Growing up a Jewish girl in the midwest, I was taught that expecting mothers do not announce their pregnancy until the second trimester. Twelve weeks was when we would be miraculously safe from loss. Getting past that landmark felt like a guarantee for having a live baby.
Once I passed the 12th week of pregnancy with my first child, I felt like I had earned the ability to share an early ultrasound photo with my spouse and two dogs. I was eager to be inundated with support, advice and lots of diapers. I followed this unspoken rule and never once had a reason to question it, but all of that changed when I later experienced pregnancy loss.
On the day before Thanksgiving in 2021, I was told five words that no expectant parent wants to hear: “Your baby has no heartbeat.” After three excruciating ultrasounds to confirm death, I laid on the table, 8 months pregnant, unable to move or breathe.
It took all my strength to call my husband, who was at a park with my daughter enjoying an unusually warm day. He was unaware that his life, too, would now be tainted by a grief so deep and all-consuming. My OB said I could go celebrate Thanksgiving with my family and let labor start on its own, but the idea of carrying a dead baby in my body another day, let alone another second, sent me racing to Triage for an induction.
That day I learned that stillbirth moms have to deliver their sleeping babies and leave the hospital with empty arms. I would never be my son’s mother on earth. Devastating didn’t seem to quite encompass how deep the grief went.
At that time only a handful of people knew I was expecting—immediate family, close friends and my yoga students who saw me grow rounder and slower with each passing month. I had chosen not to announce that pregnancy (it’s a complex decision to announce early) because it came directly after a missed miscarriage 10 months prior.
Out of superstition and fear, I thought keeping my pregnancy to myself might protect me from the bad things that happen, but I was very wrong. Instead, it made the job of sharing my loss even harder and more shocking. The act of withholding my pregnancy announcement and loss had isolated me and further stigmatized pregnancy loss as something wrong or shameful.

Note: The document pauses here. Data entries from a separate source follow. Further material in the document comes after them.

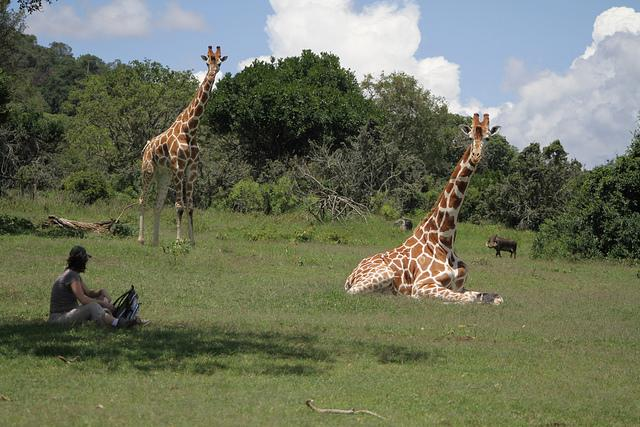Where is the person in? Please explain your reasoning. wilderness. The person is sitting with the wild animals which makes it seem like its in the wilderness since there is no enclosure. 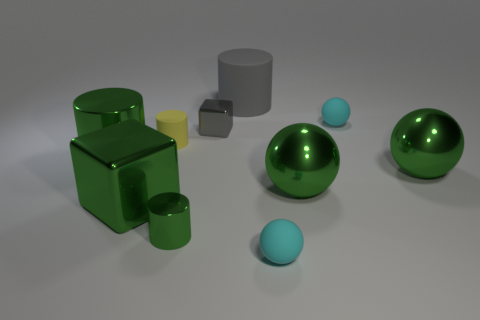Subtract all spheres. How many objects are left? 6 Subtract all big shiny spheres. Subtract all tiny green shiny objects. How many objects are left? 7 Add 9 large green blocks. How many large green blocks are left? 10 Add 3 large red matte spheres. How many large red matte spheres exist? 3 Subtract 0 blue cylinders. How many objects are left? 10 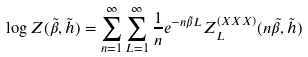Convert formula to latex. <formula><loc_0><loc_0><loc_500><loc_500>\log Z ( \tilde { \beta } , \tilde { h } ) = \sum _ { n = 1 } ^ { \infty } \sum _ { L = 1 } ^ { \infty } \frac { 1 } { n } e ^ { - n \tilde { \beta } L } Z _ { L } ^ { ( X X X ) } ( n \tilde { \beta } , \tilde { h } )</formula> 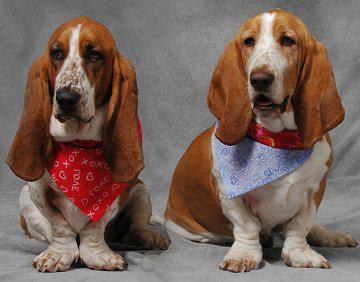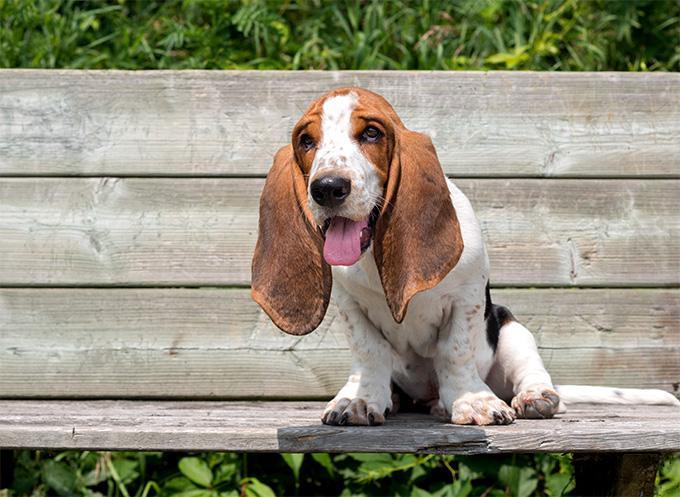The first image is the image on the left, the second image is the image on the right. Assess this claim about the two images: "One of the dog has its chin on a surface.". Correct or not? Answer yes or no. No. 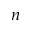<formula> <loc_0><loc_0><loc_500><loc_500>n</formula> 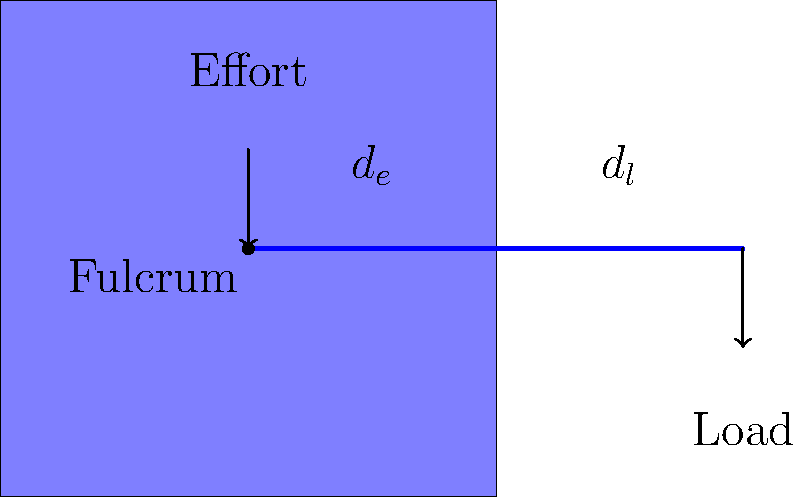In the ancient water-lifting device shown, the lever is used to raise water from a well. If the distance from the fulcrum to the effort ($d_e$) is 2 meters and the distance from the fulcrum to the load ($d_l$) is 0.5 meters, what is the mechanical advantage of this system? To find the mechanical advantage of this lever system, we need to follow these steps:

1. Recall the formula for mechanical advantage (MA) in a lever system:
   $$ MA = \frac{\text{distance to effort}}{\text{distance to load}} = \frac{d_e}{d_l} $$

2. Identify the given values:
   $d_e = 2$ meters
   $d_l = 0.5$ meters

3. Substitute these values into the formula:
   $$ MA = \frac{2 \text{ m}}{0.5 \text{ m}} $$

4. Perform the division:
   $$ MA = 4 $$

This means that the effort force is multiplied by a factor of 4, allowing the user to lift a load that is 4 times heavier than the effort they apply.
Answer: 4 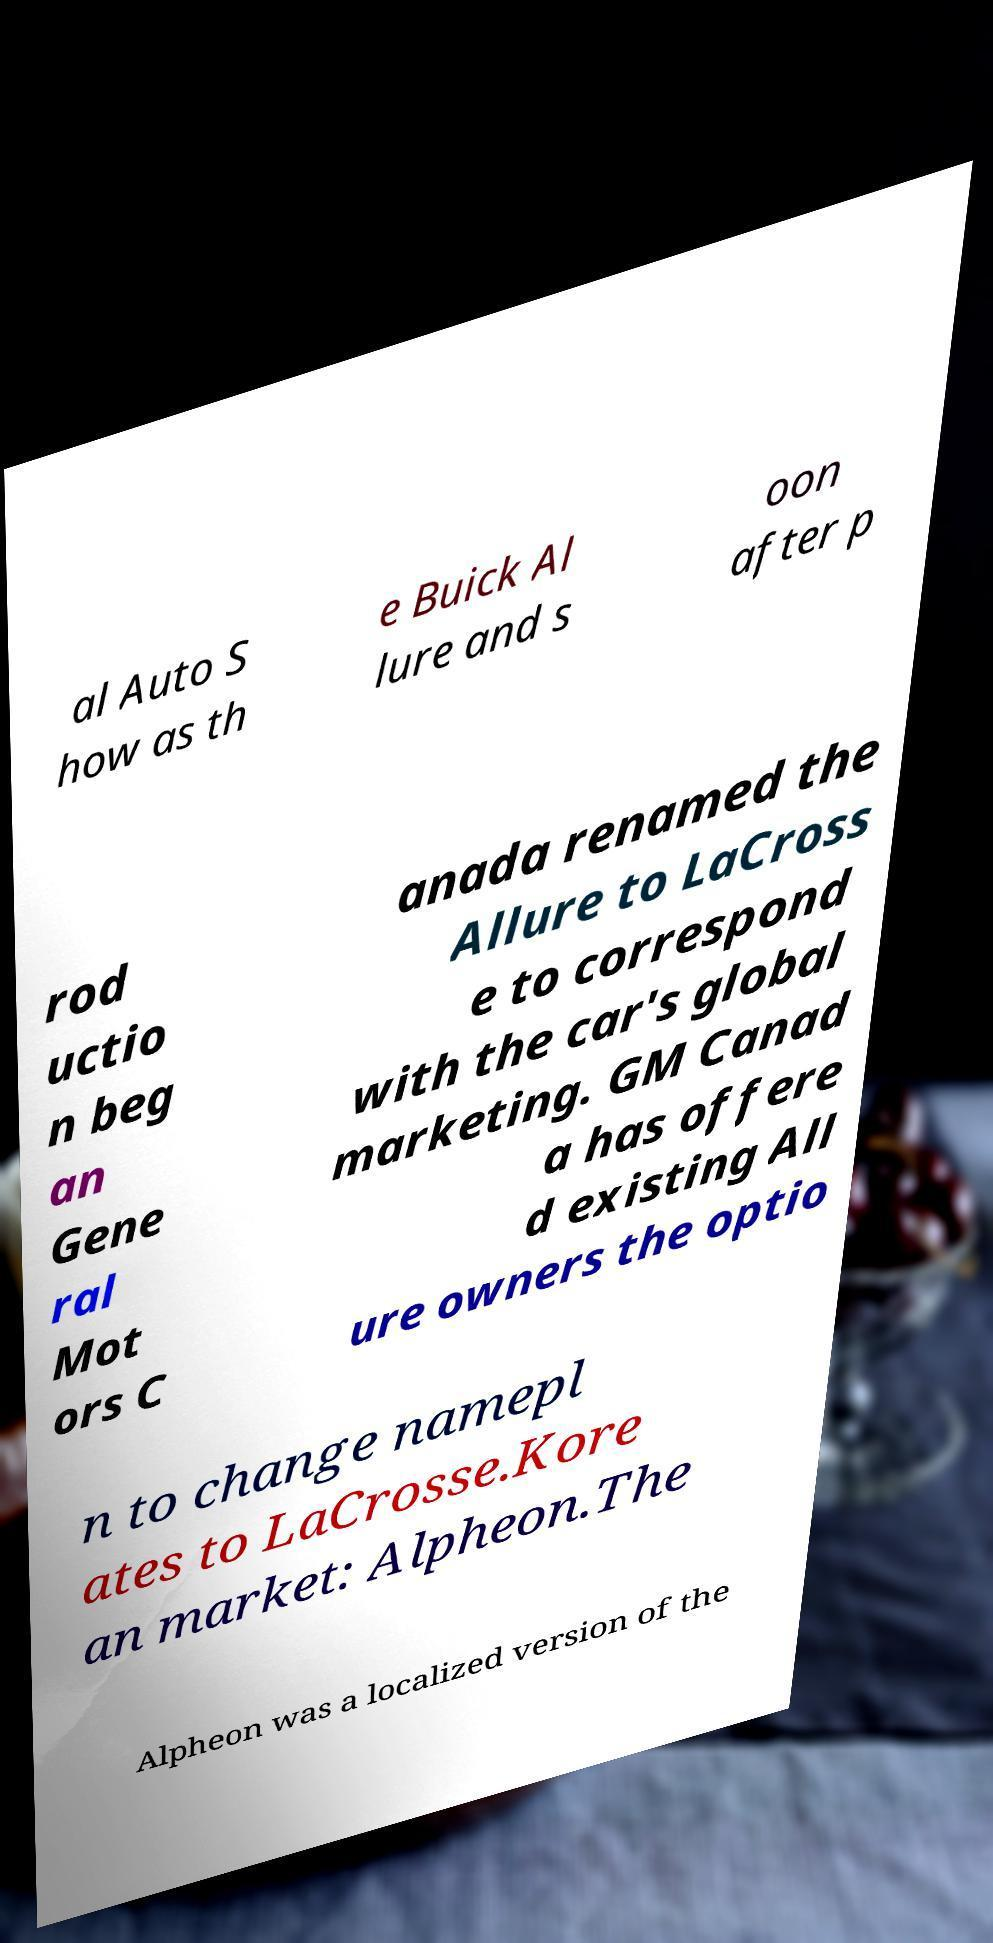What messages or text are displayed in this image? I need them in a readable, typed format. al Auto S how as th e Buick Al lure and s oon after p rod uctio n beg an Gene ral Mot ors C anada renamed the Allure to LaCross e to correspond with the car's global marketing. GM Canad a has offere d existing All ure owners the optio n to change namepl ates to LaCrosse.Kore an market: Alpheon.The Alpheon was a localized version of the 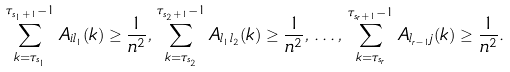Convert formula to latex. <formula><loc_0><loc_0><loc_500><loc_500>\sum _ { k = \tau _ { s _ { 1 } } } ^ { \tau _ { s _ { 1 } + 1 } - 1 } { A _ { i l _ { 1 } } ( k ) } \geq \frac { 1 } { n ^ { 2 } } , \, \sum _ { k = \tau _ { s _ { 2 } } } ^ { \tau _ { s _ { 2 } + 1 } - 1 } { A _ { l _ { 1 } l _ { 2 } } ( k ) } \geq \frac { 1 } { n ^ { 2 } } , \, \dots , \, \sum _ { k = \tau _ { s _ { r } } } ^ { \tau _ { s _ { r } + 1 } - 1 } { A _ { l _ { r - 1 } j } ( k ) } \geq \frac { 1 } { n ^ { 2 } } .</formula> 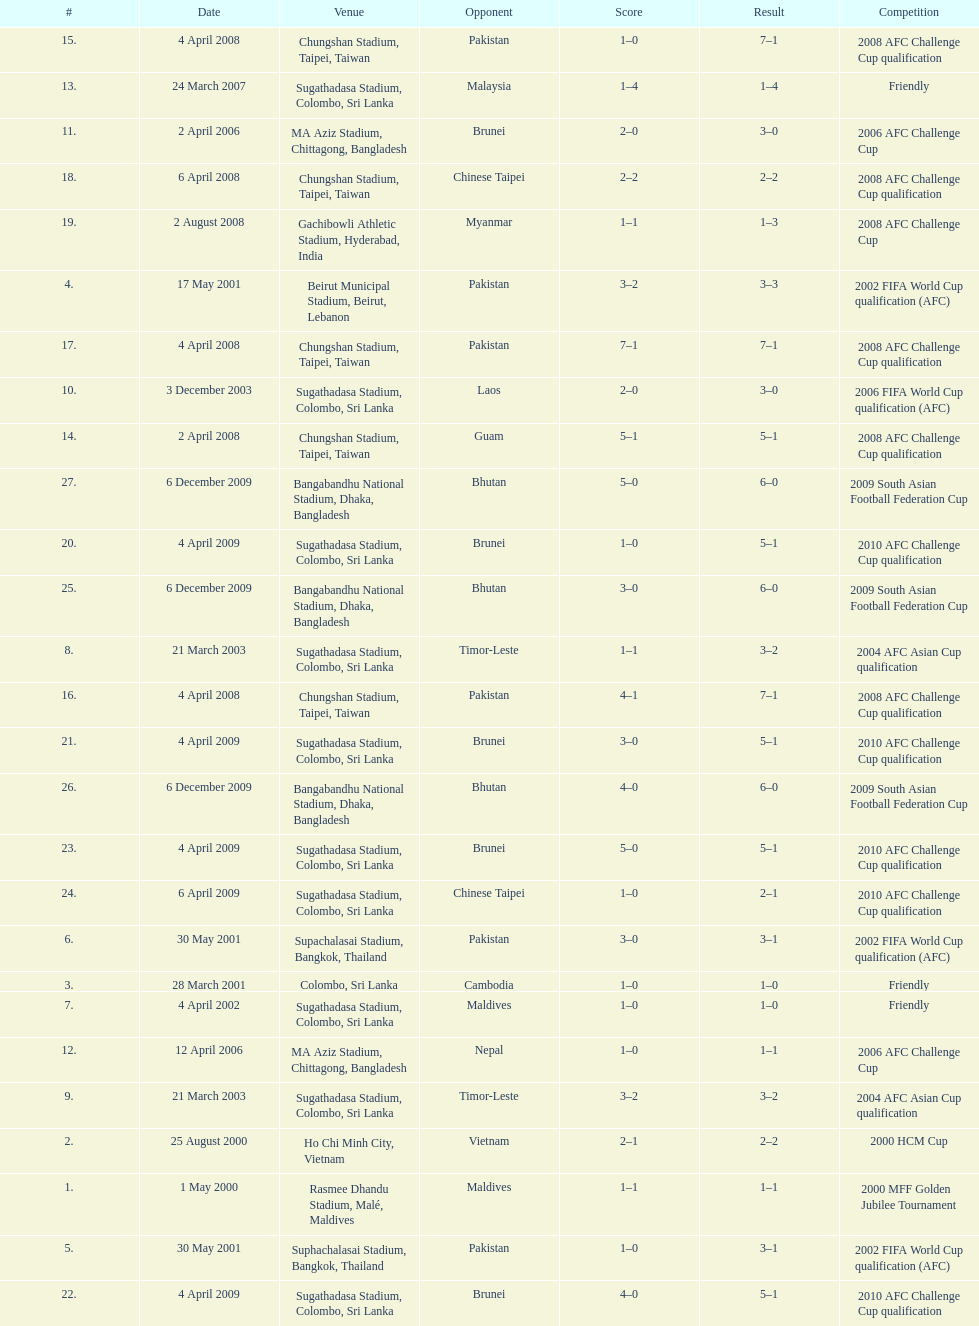What was the total number of goals score in the sri lanka - malaysia game of march 24, 2007? 5. I'm looking to parse the entire table for insights. Could you assist me with that? {'header': ['#', 'Date', 'Venue', 'Opponent', 'Score', 'Result', 'Competition'], 'rows': [['15.', '4 April 2008', 'Chungshan Stadium, Taipei, Taiwan', 'Pakistan', '1–0', '7–1', '2008 AFC Challenge Cup qualification'], ['13.', '24 March 2007', 'Sugathadasa Stadium, Colombo, Sri Lanka', 'Malaysia', '1–4', '1–4', 'Friendly'], ['11.', '2 April 2006', 'MA Aziz Stadium, Chittagong, Bangladesh', 'Brunei', '2–0', '3–0', '2006 AFC Challenge Cup'], ['18.', '6 April 2008', 'Chungshan Stadium, Taipei, Taiwan', 'Chinese Taipei', '2–2', '2–2', '2008 AFC Challenge Cup qualification'], ['19.', '2 August 2008', 'Gachibowli Athletic Stadium, Hyderabad, India', 'Myanmar', '1–1', '1–3', '2008 AFC Challenge Cup'], ['4.', '17 May 2001', 'Beirut Municipal Stadium, Beirut, Lebanon', 'Pakistan', '3–2', '3–3', '2002 FIFA World Cup qualification (AFC)'], ['17.', '4 April 2008', 'Chungshan Stadium, Taipei, Taiwan', 'Pakistan', '7–1', '7–1', '2008 AFC Challenge Cup qualification'], ['10.', '3 December 2003', 'Sugathadasa Stadium, Colombo, Sri Lanka', 'Laos', '2–0', '3–0', '2006 FIFA World Cup qualification (AFC)'], ['14.', '2 April 2008', 'Chungshan Stadium, Taipei, Taiwan', 'Guam', '5–1', '5–1', '2008 AFC Challenge Cup qualification'], ['27.', '6 December 2009', 'Bangabandhu National Stadium, Dhaka, Bangladesh', 'Bhutan', '5–0', '6–0', '2009 South Asian Football Federation Cup'], ['20.', '4 April 2009', 'Sugathadasa Stadium, Colombo, Sri Lanka', 'Brunei', '1–0', '5–1', '2010 AFC Challenge Cup qualification'], ['25.', '6 December 2009', 'Bangabandhu National Stadium, Dhaka, Bangladesh', 'Bhutan', '3–0', '6–0', '2009 South Asian Football Federation Cup'], ['8.', '21 March 2003', 'Sugathadasa Stadium, Colombo, Sri Lanka', 'Timor-Leste', '1–1', '3–2', '2004 AFC Asian Cup qualification'], ['16.', '4 April 2008', 'Chungshan Stadium, Taipei, Taiwan', 'Pakistan', '4–1', '7–1', '2008 AFC Challenge Cup qualification'], ['21.', '4 April 2009', 'Sugathadasa Stadium, Colombo, Sri Lanka', 'Brunei', '3–0', '5–1', '2010 AFC Challenge Cup qualification'], ['26.', '6 December 2009', 'Bangabandhu National Stadium, Dhaka, Bangladesh', 'Bhutan', '4–0', '6–0', '2009 South Asian Football Federation Cup'], ['23.', '4 April 2009', 'Sugathadasa Stadium, Colombo, Sri Lanka', 'Brunei', '5–0', '5–1', '2010 AFC Challenge Cup qualification'], ['24.', '6 April 2009', 'Sugathadasa Stadium, Colombo, Sri Lanka', 'Chinese Taipei', '1–0', '2–1', '2010 AFC Challenge Cup qualification'], ['6.', '30 May 2001', 'Supachalasai Stadium, Bangkok, Thailand', 'Pakistan', '3–0', '3–1', '2002 FIFA World Cup qualification (AFC)'], ['3.', '28 March 2001', 'Colombo, Sri Lanka', 'Cambodia', '1–0', '1–0', 'Friendly'], ['7.', '4 April 2002', 'Sugathadasa Stadium, Colombo, Sri Lanka', 'Maldives', '1–0', '1–0', 'Friendly'], ['12.', '12 April 2006', 'MA Aziz Stadium, Chittagong, Bangladesh', 'Nepal', '1–0', '1–1', '2006 AFC Challenge Cup'], ['9.', '21 March 2003', 'Sugathadasa Stadium, Colombo, Sri Lanka', 'Timor-Leste', '3–2', '3–2', '2004 AFC Asian Cup qualification'], ['2.', '25 August 2000', 'Ho Chi Minh City, Vietnam', 'Vietnam', '2–1', '2–2', '2000 HCM Cup'], ['1.', '1 May 2000', 'Rasmee Dhandu Stadium, Malé, Maldives', 'Maldives', '1–1', '1–1', '2000 MFF Golden Jubilee Tournament'], ['5.', '30 May 2001', 'Suphachalasai Stadium, Bangkok, Thailand', 'Pakistan', '1–0', '3–1', '2002 FIFA World Cup qualification (AFC)'], ['22.', '4 April 2009', 'Sugathadasa Stadium, Colombo, Sri Lanka', 'Brunei', '4–0', '5–1', '2010 AFC Challenge Cup qualification']]} 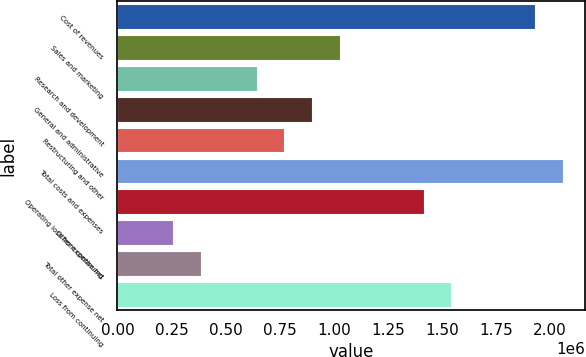Convert chart. <chart><loc_0><loc_0><loc_500><loc_500><bar_chart><fcel>Cost of revenues<fcel>Sales and marketing<fcel>Research and development<fcel>General and administrative<fcel>Restructuring and other<fcel>Total costs and expenses<fcel>Operating loss from continuing<fcel>Other expense net<fcel>Total other expense net<fcel>Loss from continuing<nl><fcel>1.92974e+06<fcel>1.02919e+06<fcel>643245<fcel>900543<fcel>771894<fcel>2.05838e+06<fcel>1.41514e+06<fcel>257298<fcel>385947<fcel>1.54379e+06<nl></chart> 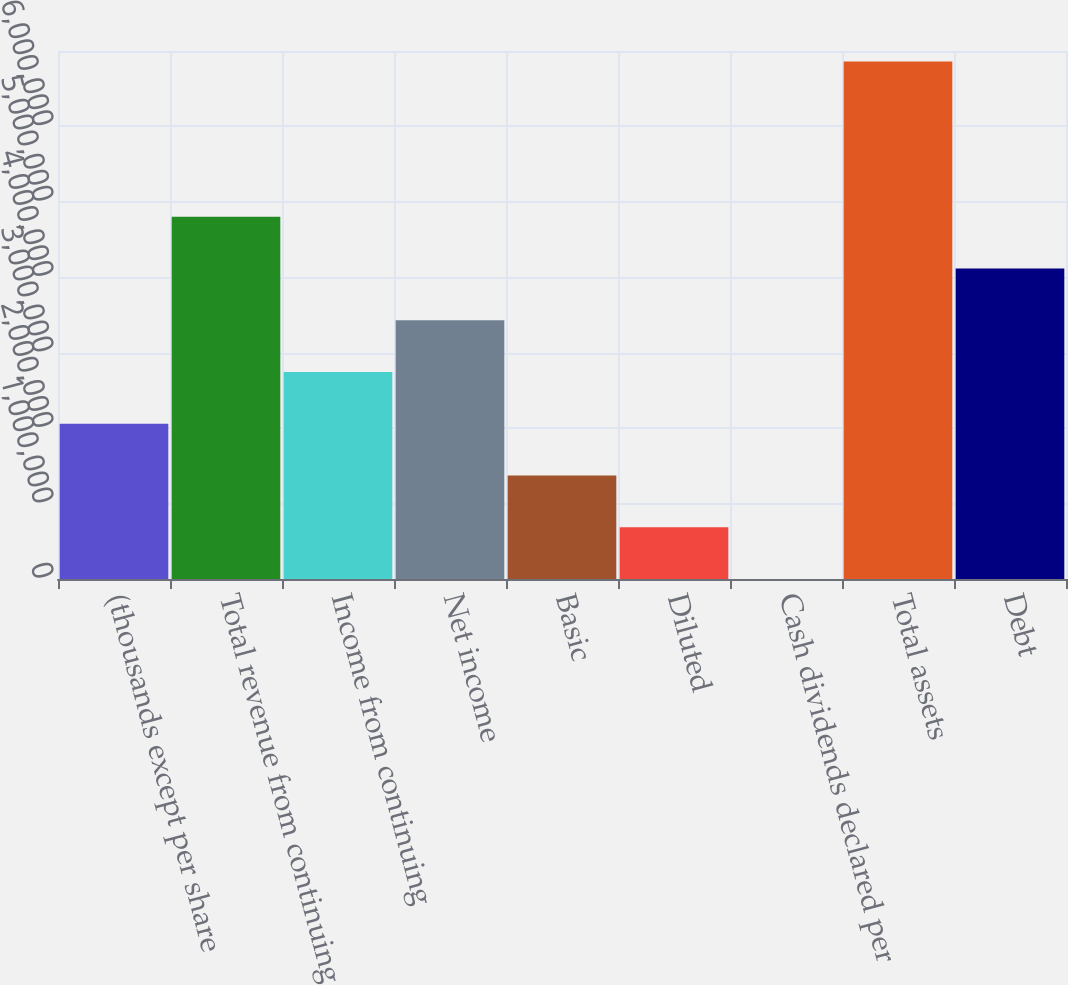Convert chart to OTSL. <chart><loc_0><loc_0><loc_500><loc_500><bar_chart><fcel>(thousands except per share<fcel>Total revenue from continuing<fcel>Income from continuing<fcel>Net income<fcel>Basic<fcel>Diluted<fcel>Cash dividends declared per<fcel>Total assets<fcel>Debt<nl><fcel>2.05791e+06<fcel>4.80178e+06<fcel>2.74388e+06<fcel>3.42985e+06<fcel>1.37194e+06<fcel>685970<fcel>1.45<fcel>6.85969e+06<fcel>4.11581e+06<nl></chart>

I had unintentionally isolated myself at a time when I needed support the most.
I shared my story the only way I knew how—vulnerably and widely to Twitter. I posted a photo holding my son, Fox, right after delivery. My tear-soaked face and purple baby struck a chord in thousands of people that flocked towards me in support.
Related: Heartfelt quotes for grieving a stillbirth
What had been the most isolating, stigmatized topic of conversation was out in the open, and that felt like a relief. I didn’t have to be silent. I could practice conversations with safe people who had gone through the same horror. I could find organized support groups, foundations, and most importantly, I could learn how to better communicate my needs in the future.
After burying my son, slogging through each month after, shedding my past self who was afraid of what other people thought, my husband and I decided to try again for a live baby. Instead of waiting to announce we were pregnant after 12 weeks, we announced as soon as we heard a heartbeat with our own ears (and we were not alone in that decision).
Sharing a pregnancy announcement after loss
We quickly realized that pregnancy after loss isn’t hard because you simultaneously grieve your loss while also preparing for new life (spoiler: it’s almost impossible). It’s hard because of the conversations and opinions such news invites—it turned out people held beliefs on what our timeline of grief and pregnancy after loss should look like.
Our pregnancy announcement invited all sorts of responses from, “Don’t you think you should grieve your baby longer?” to “You are so brave. I could never survive a loss like that and try again” all the way to “Just stay positive. It’ll work out this time.”
Some wanted us to grieve our baby forever and others wanted to toxically cling to our good news in the hopes that it would undo or replace our tragic stillbirth.
Sharing was work. Sharing meant answering personal questions and educating others that it’s OK to embrace the nuance of holding death and growing life in the same small place. Sharing meant having to define what support looked like. Sharing meant asking for help, giving grace to those who couldn’t understand, and letting go of relationships that didn’t feel supportive.
The surprising benefit of an early pregnancy announcement
Despite all the work, announcing our pregnancy early gave us a chance to heal from the times we chose to stay silent.
At 34 weeks, I continue to have open conversations with friends, strangers, on social media. I post pictures weekly of my stretch-marked belly, bruised from daily blood thinner injections. Just being present as a pregnant loss mom creates a space for others to share their own loss journeys, wisdoms, worries. It provides families, lost at sea, a crude navigation system during anxious times.
Breaking the stigma of pregnancy loss has been empowering, even if I do not end up with a live baby (though we hope so!). Moms and birthing people don’t have to be silent just because that’s been our historic narrative.
We are slowly breaking down those walls and finally, more people than ever are realizing that our babies, in utero or out, matter. Our stories matter, so make that early announcement.